:: Problem to work on ::
Skip every picture, and output exactly the lines starting at the one with "Task: Click on" and running through the last line of the material below.

:: Dataset entries ::
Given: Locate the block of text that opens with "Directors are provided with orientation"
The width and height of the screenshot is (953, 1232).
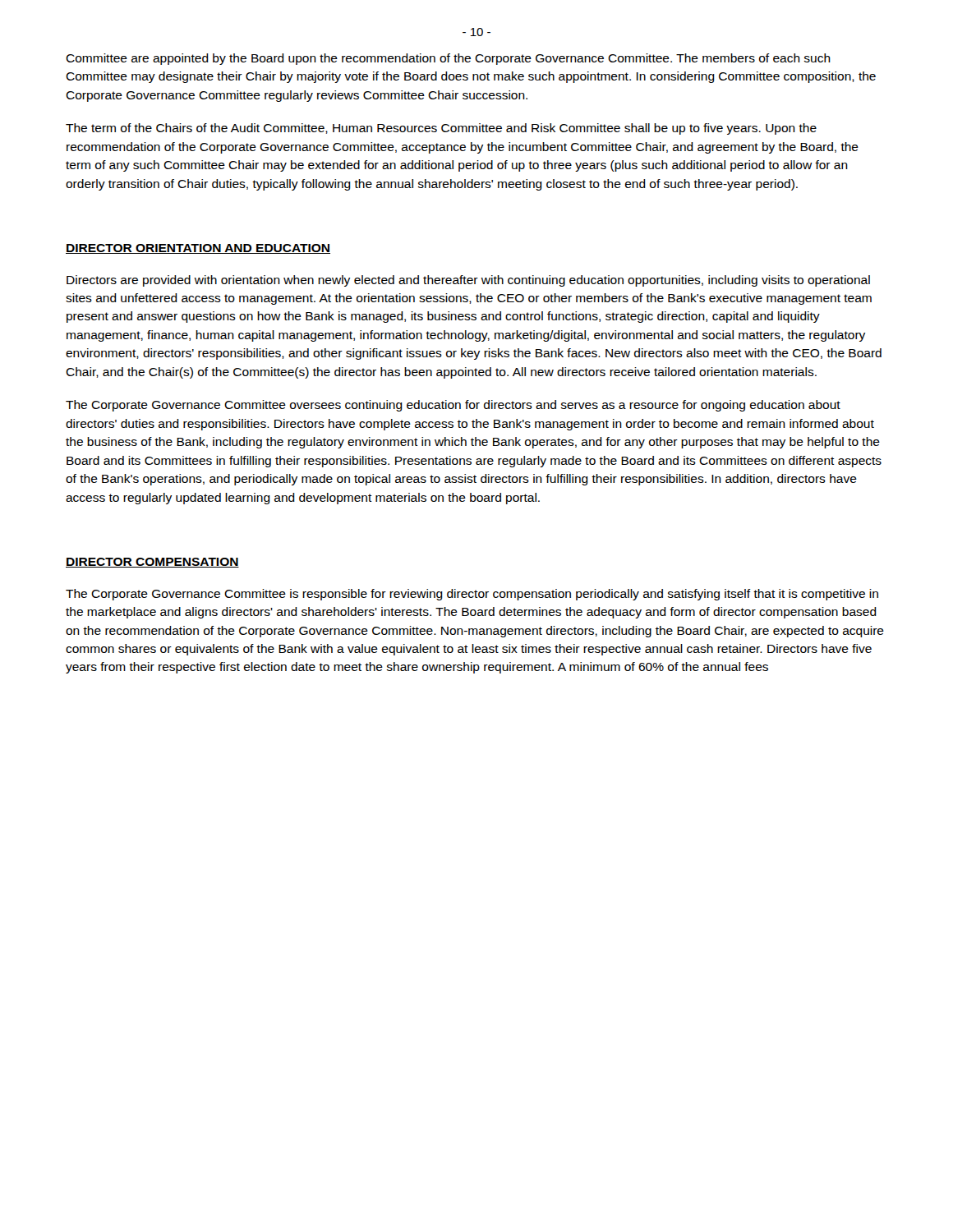Looking at the screenshot, I should pyautogui.click(x=474, y=325).
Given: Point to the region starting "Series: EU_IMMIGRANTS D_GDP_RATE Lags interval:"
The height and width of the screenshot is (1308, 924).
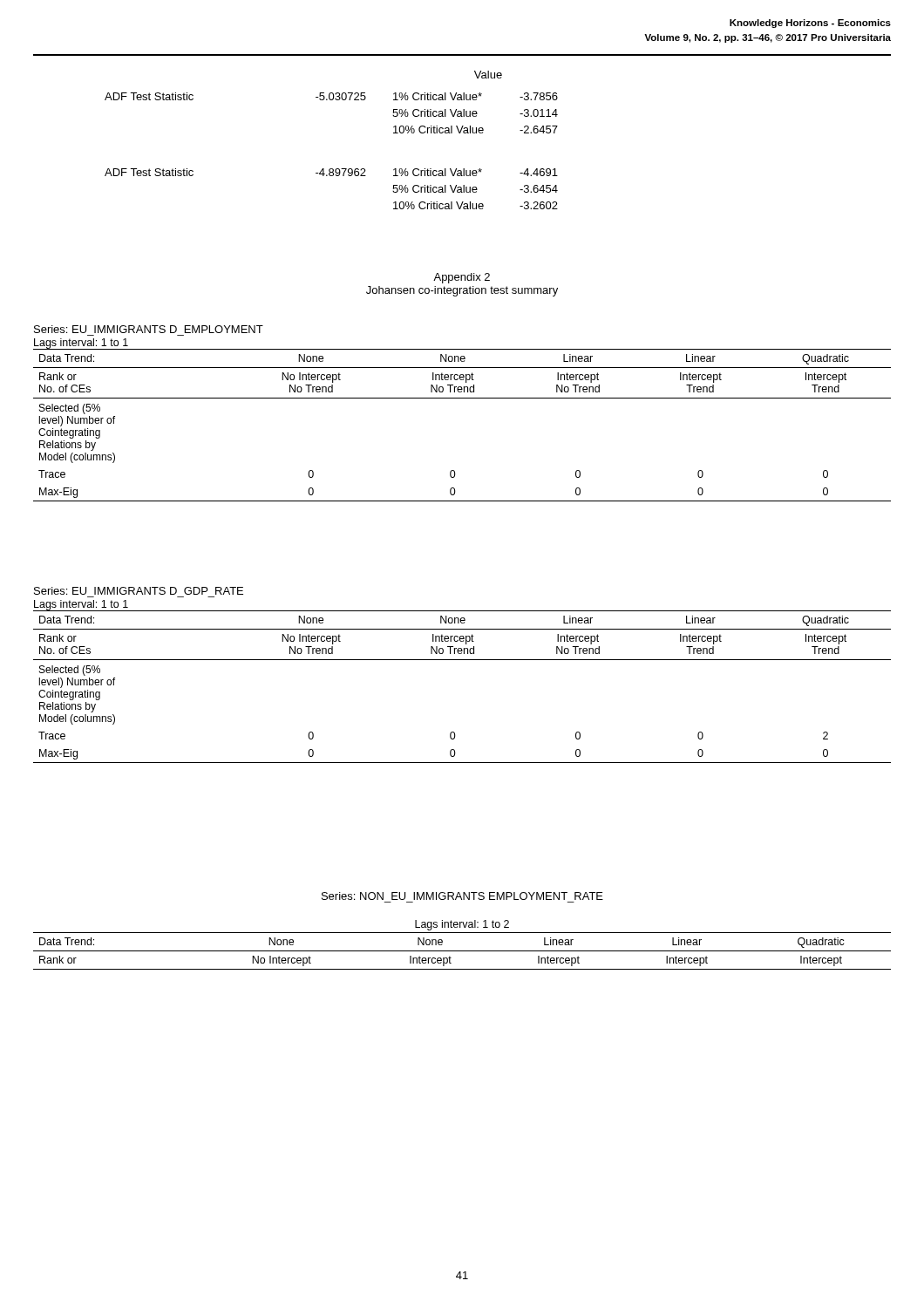Looking at the screenshot, I should click(x=138, y=597).
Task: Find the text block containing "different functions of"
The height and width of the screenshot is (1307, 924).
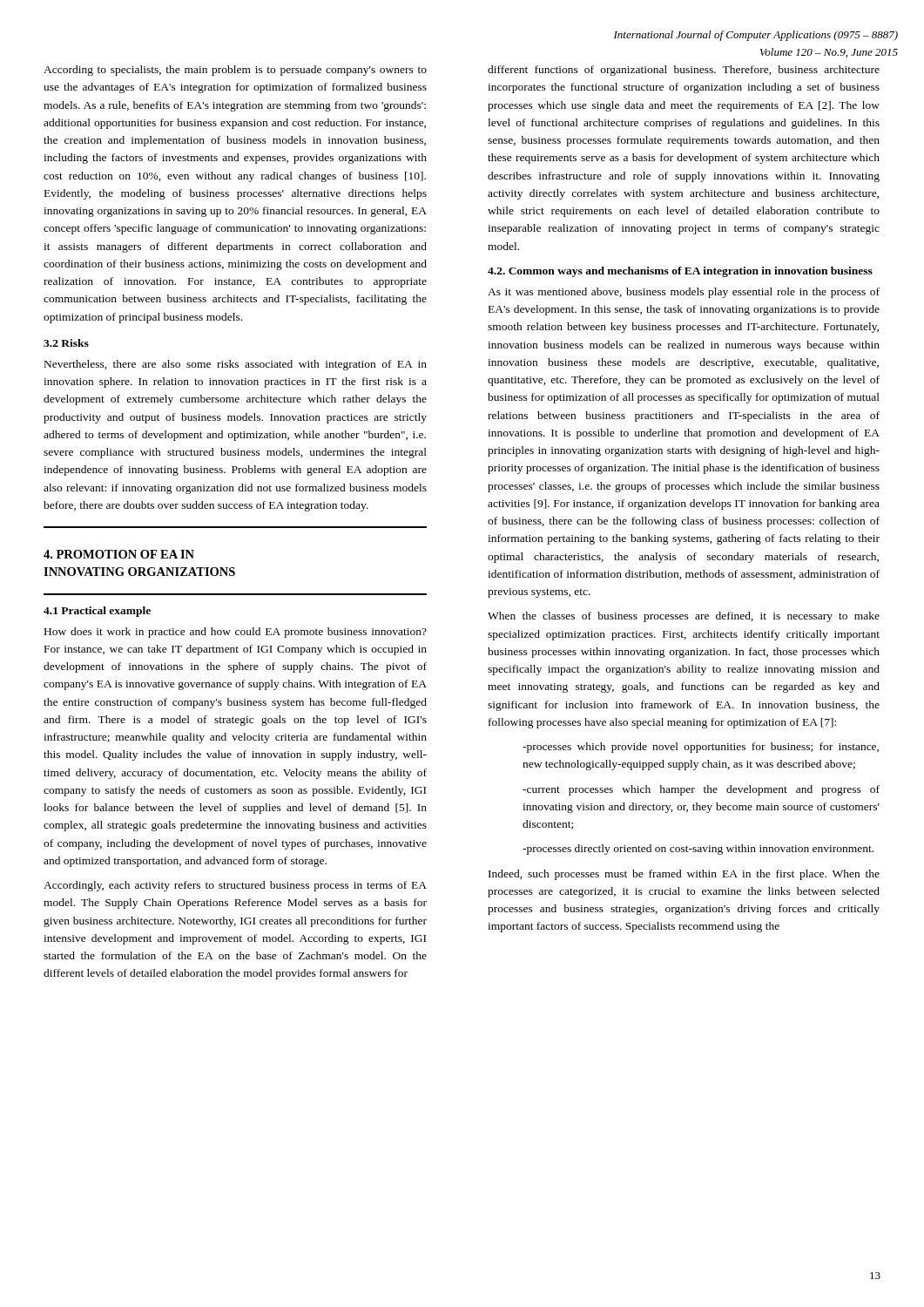Action: point(684,158)
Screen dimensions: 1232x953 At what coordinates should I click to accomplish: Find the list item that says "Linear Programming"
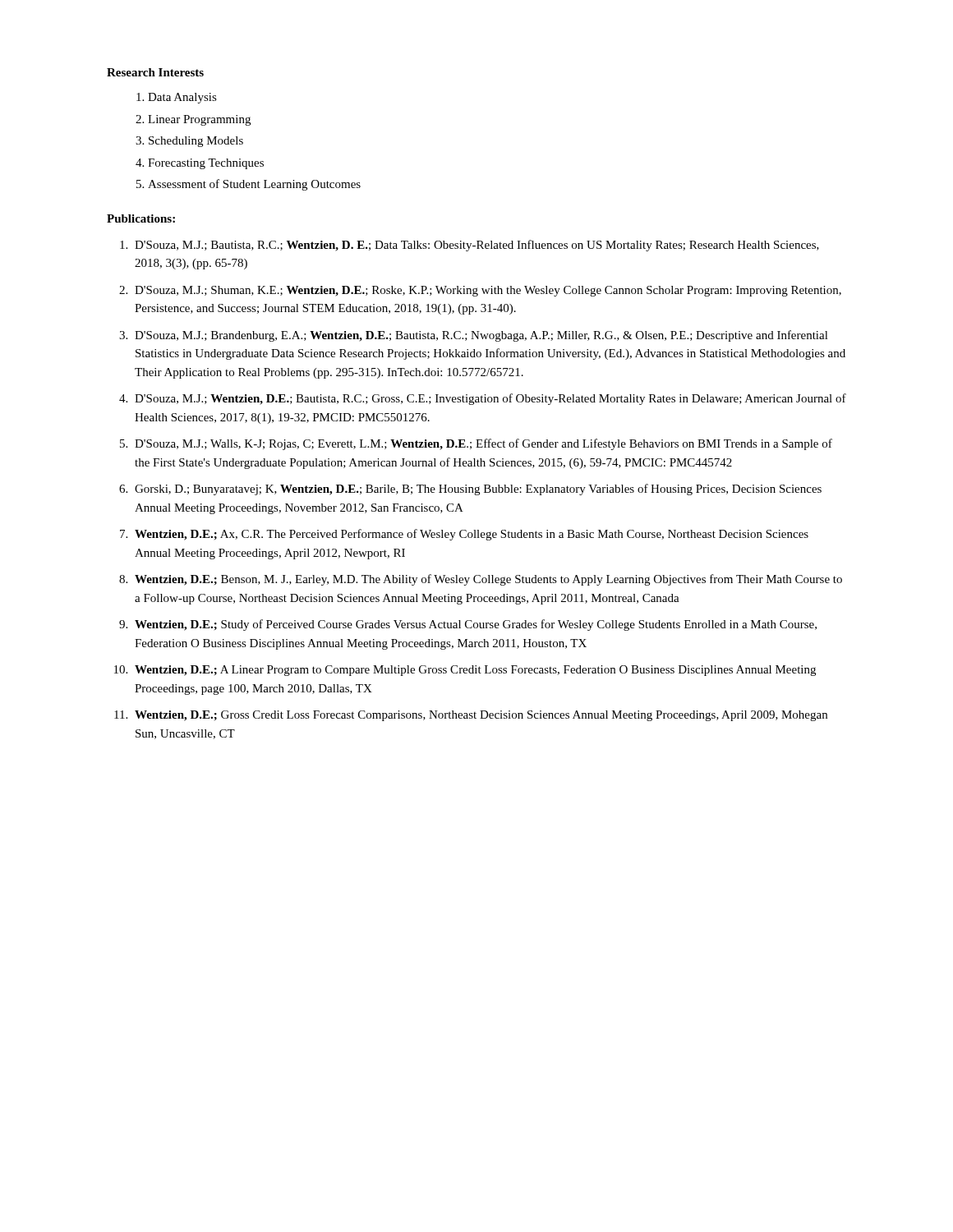click(199, 119)
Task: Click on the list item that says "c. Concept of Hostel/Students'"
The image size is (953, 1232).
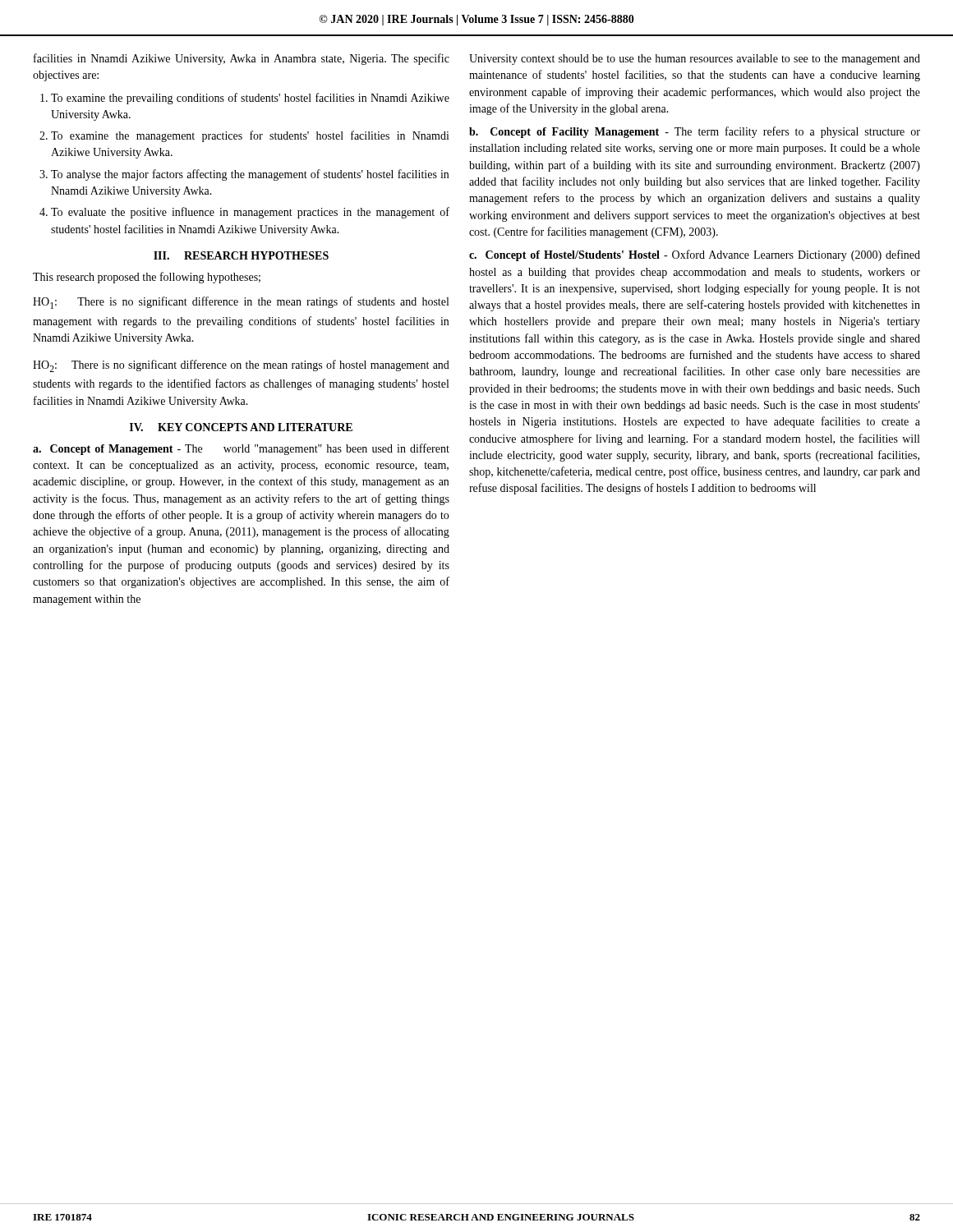Action: (695, 372)
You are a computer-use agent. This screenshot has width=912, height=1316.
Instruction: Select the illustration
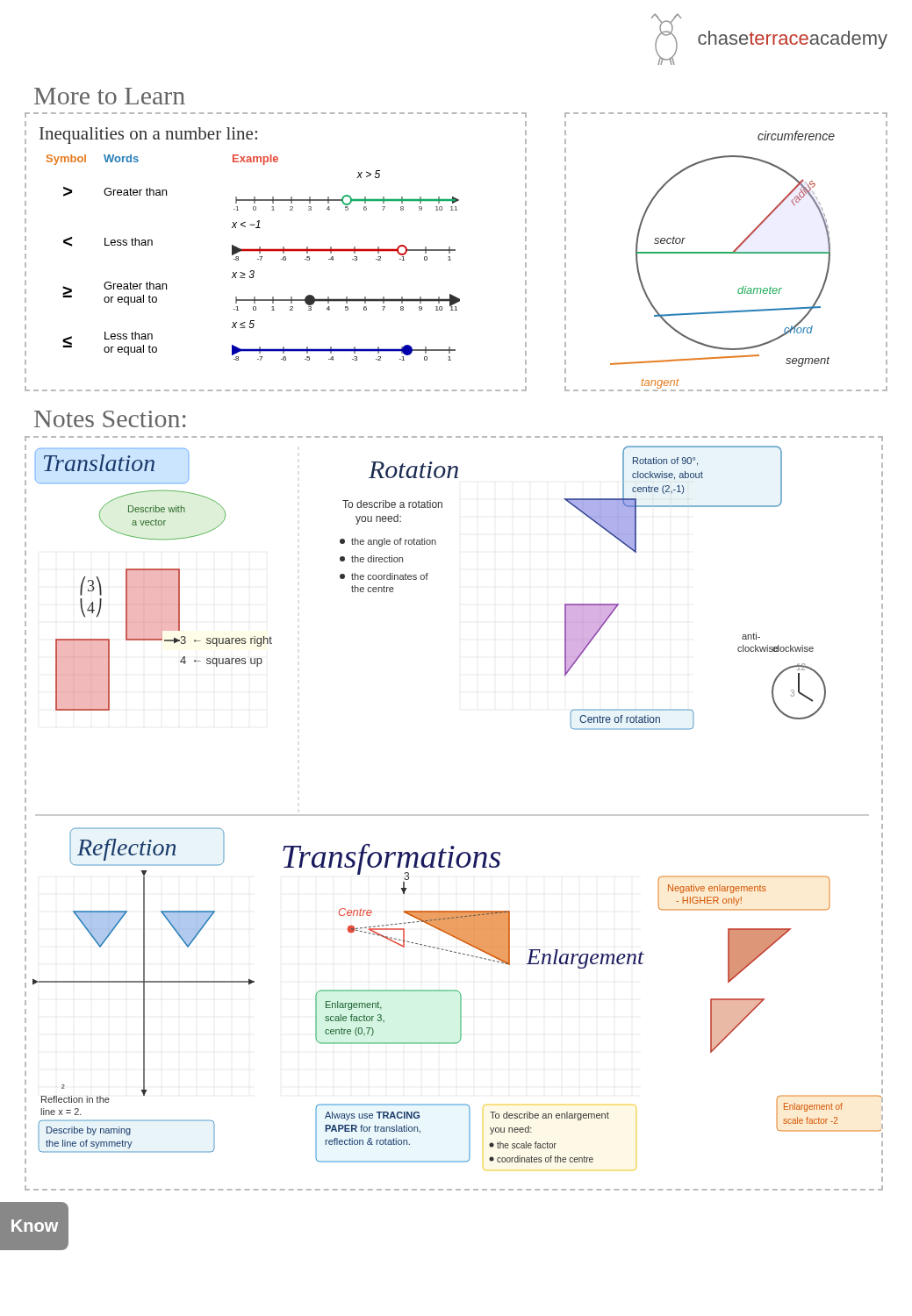[x=726, y=252]

:: Answer for this exercise ::
Task: Click on the list item that says "c. Concept of Hostel/Students'"
The image size is (953, 1232).
Action: (695, 372)
You are a computer-use agent. This screenshot has width=912, height=1316.
Instruction: Select the illustration
[x=726, y=252]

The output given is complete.